---- Supplied entries
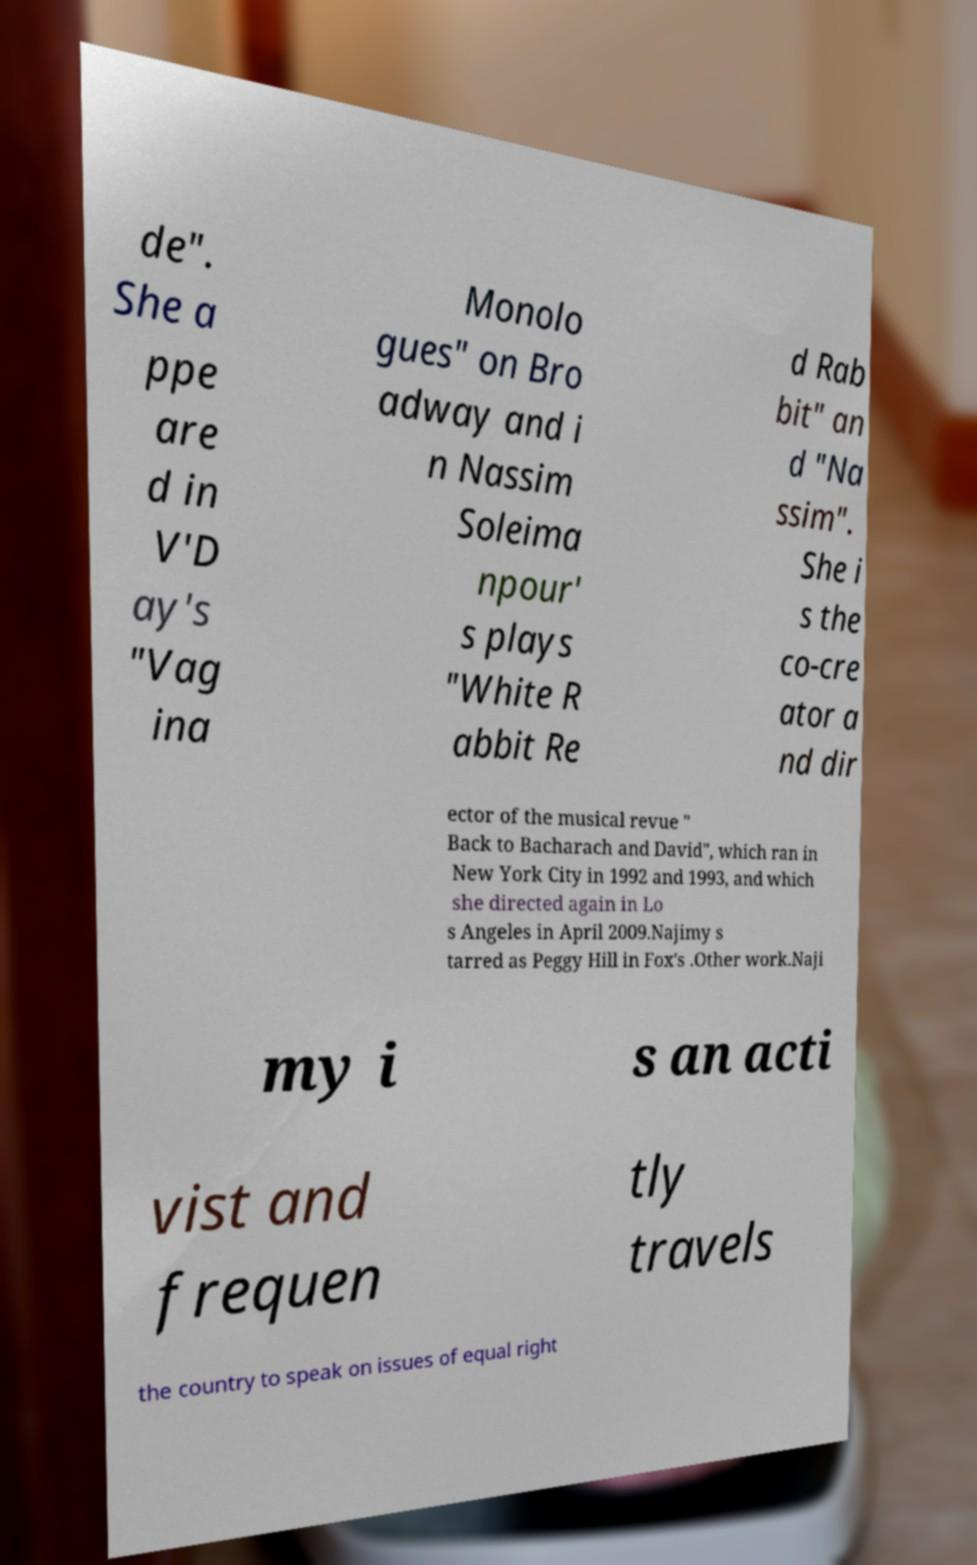Can you accurately transcribe the text from the provided image for me? de". She a ppe are d in V'D ay's "Vag ina Monolo gues" on Bro adway and i n Nassim Soleima npour' s plays "White R abbit Re d Rab bit" an d "Na ssim". She i s the co-cre ator a nd dir ector of the musical revue " Back to Bacharach and David", which ran in New York City in 1992 and 1993, and which she directed again in Lo s Angeles in April 2009.Najimy s tarred as Peggy Hill in Fox's .Other work.Naji my i s an acti vist and frequen tly travels the country to speak on issues of equal right 
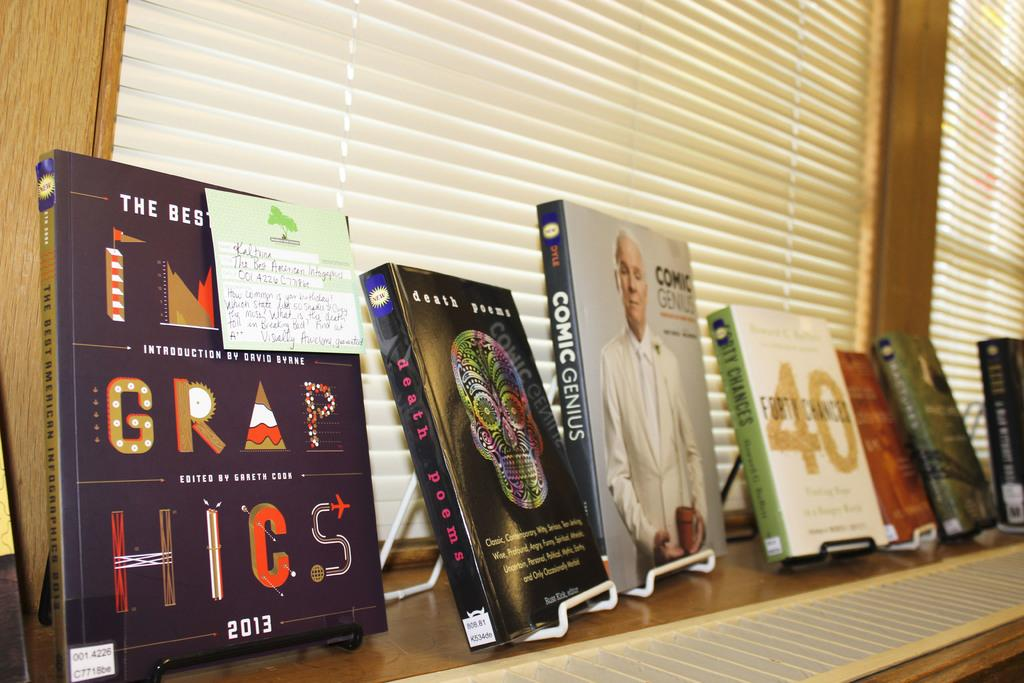What type of window treatment is visible in the image? There are curtains in the image. What objects can be seen on a stand in the image? There are books on a stand in the image. Can you describe the books in the image? The books have writing on them. Is there any representation of a person in the image? Yes, there is an image of a person in the image. Are there any visible signs of a prison in the image? There is no indication of a prison in the image. What type of creature can be seen interacting with the books in the image? There is no creature present in the image; it only features books, a stand, curtains, and an image of a person. 
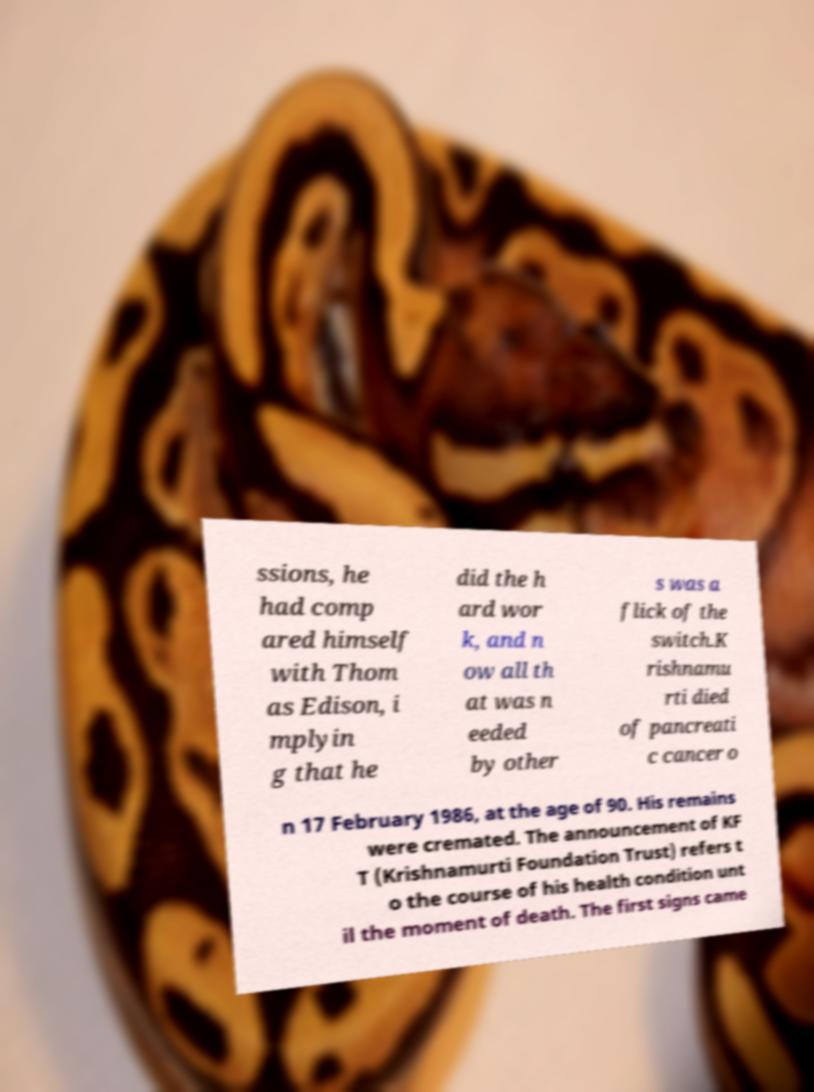Can you read and provide the text displayed in the image?This photo seems to have some interesting text. Can you extract and type it out for me? ssions, he had comp ared himself with Thom as Edison, i mplyin g that he did the h ard wor k, and n ow all th at was n eeded by other s was a flick of the switch.K rishnamu rti died of pancreati c cancer o n 17 February 1986, at the age of 90. His remains were cremated. The announcement of KF T (Krishnamurti Foundation Trust) refers t o the course of his health condition unt il the moment of death. The first signs came 
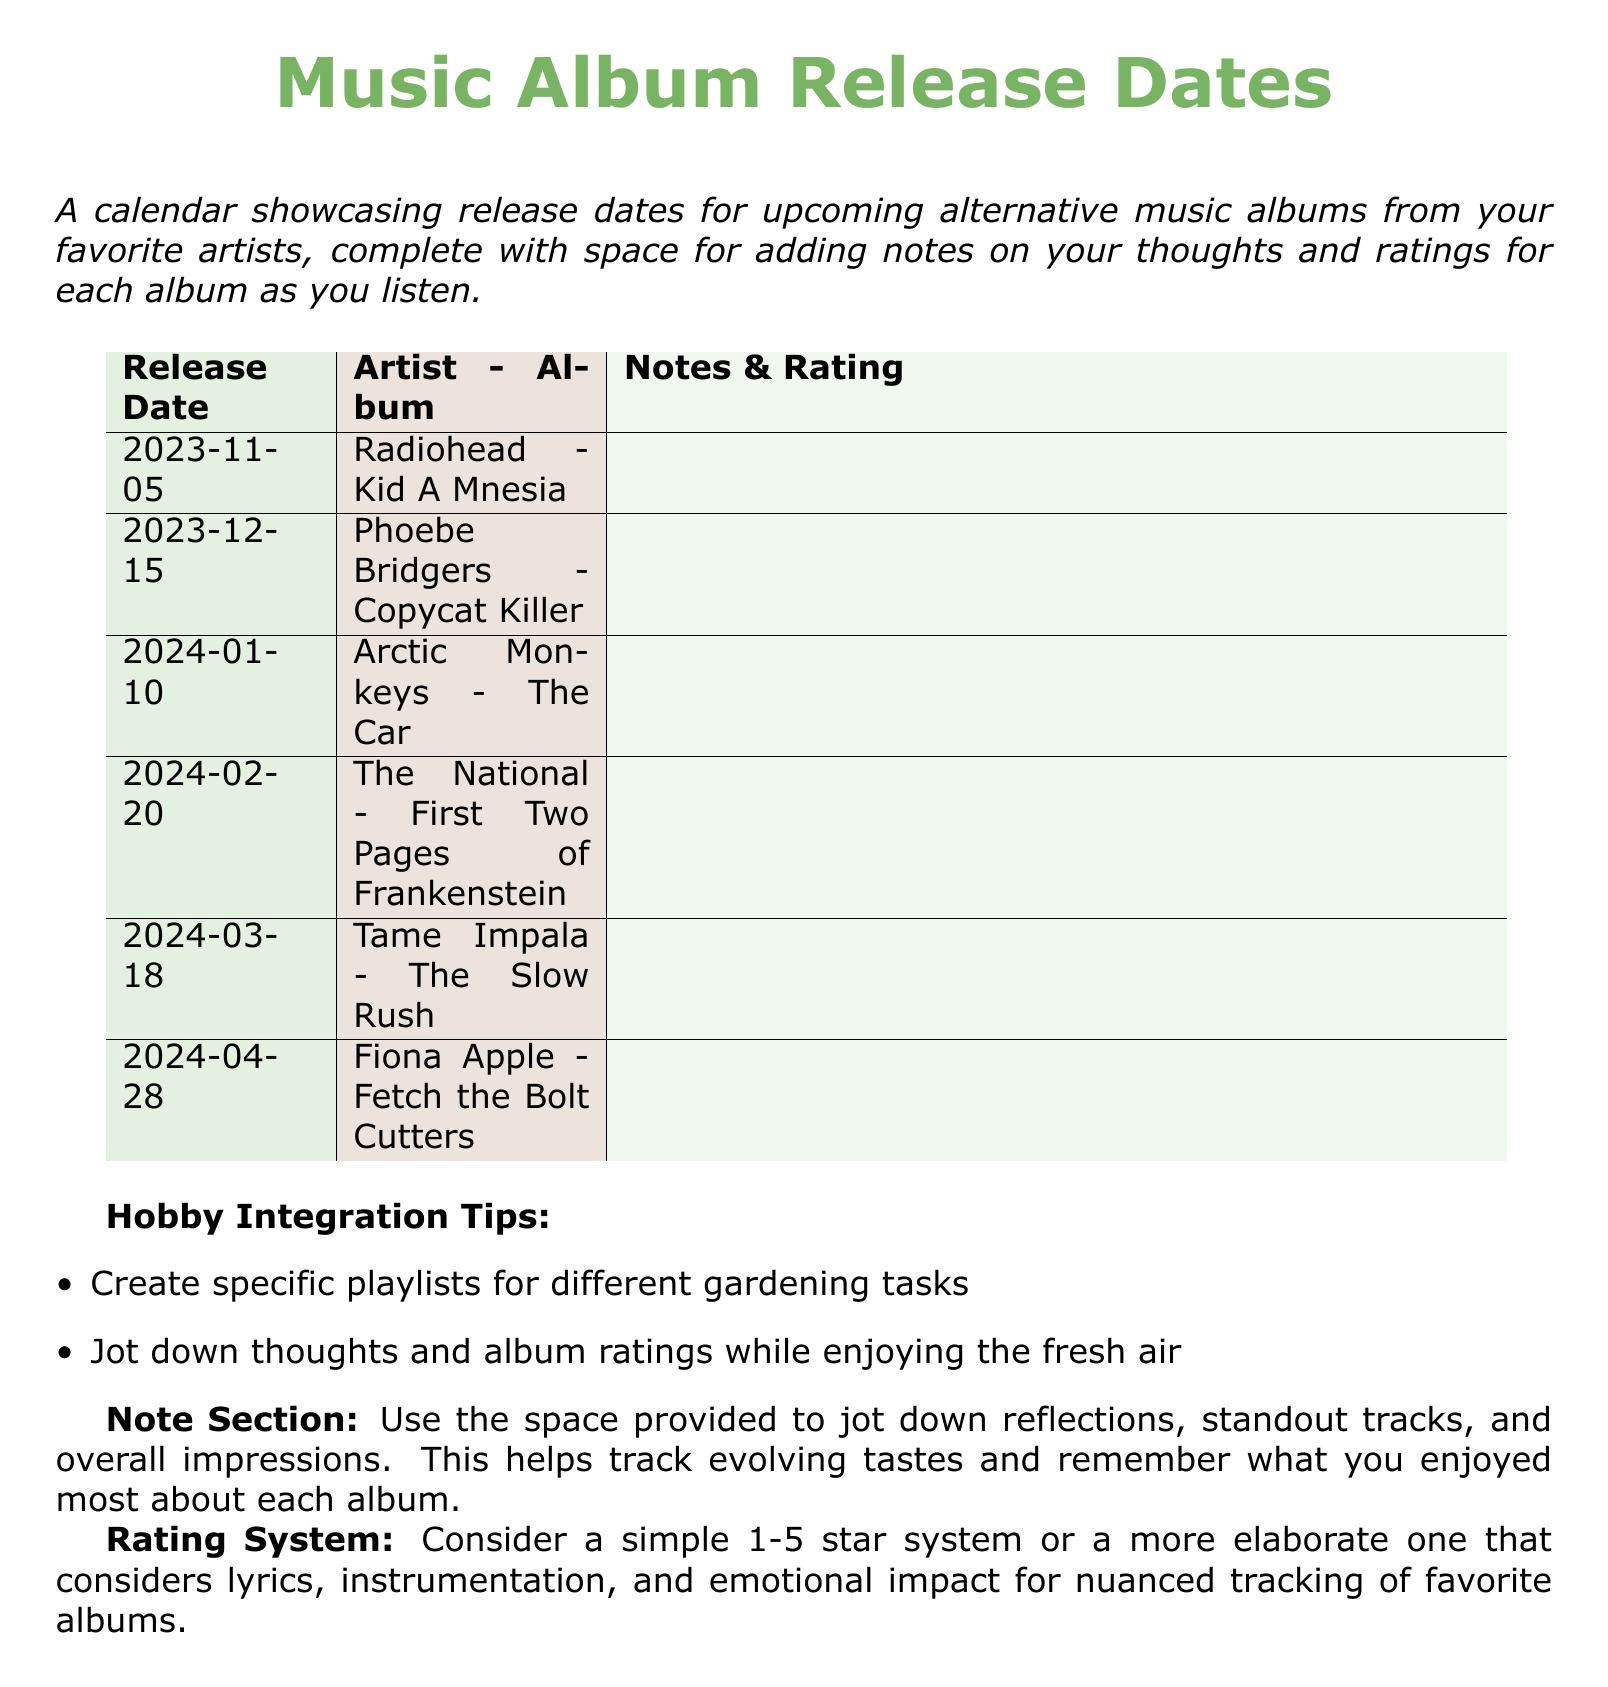What is the release date for Radiohead's album? The release date for Radiohead's album "Kid A Mnesia" is listed in the document as 2023-11-05.
Answer: 2023-11-05 Who is the artist of the album titled "Copycat Killer"? The document provides the album title and artist, which states that "Copycat Killer" is by Phoebe Bridgers.
Answer: Phoebe Bridgers How many albums are listed for release in 2024? Counting the entries in the document, there are five albums scheduled for release in 2024.
Answer: 5 What is the title of the album by The National? The National’s album is titled "First Two Pages of Frankenstein," as per the document.
Answer: First Two Pages of Frankenstein What is the noted space for in the calendar? The calendar includes space for adding notes and ratings for each album after listening, as described in the document.
Answer: Notes & Rating Which artist has an album titled "Fetch the Bolt Cutters"? According to the document, Fiona Apple is the artist for the album "Fetch the Bolt Cutters."
Answer: Fiona Apple What color scheme is used for the release date column? The release date column in the document uses a leaf green light background color.
Answer: Leaf green What is the rating system suggested for evaluating albums? The document suggests using a simple 1-5 star system or a more elaborate system based on various musical elements.
Answer: 1-5 stars or elaborate system What benefit does the document suggest for gardening tasks? The document suggests creating specific playlists for different gardening tasks as a benefit.
Answer: Playlists for gardening tasks
--------
**Task directions**
Could you reproduce, exactly, every line above from the line with "Answer: 2023-11-05 Who" to the line with "Answer: 5 What", and no other line? Both ends count.

**Response area**
Answer: 2023-11-05 Who is the artist of the album titled "Copycat Killer"? The document provides the album title and artist, which states that "Copycat Killer" is by Phoebe Bridgers.
Answer: Phoebe Bridgers How many albums are listed for release in 2024? Counting the entries in the document, there are five albums scheduled for release in 2024.
Answer: 5 What is the title of the album by The National? The National’s album is titled "First Two Pages of Frankenstein," as per the document.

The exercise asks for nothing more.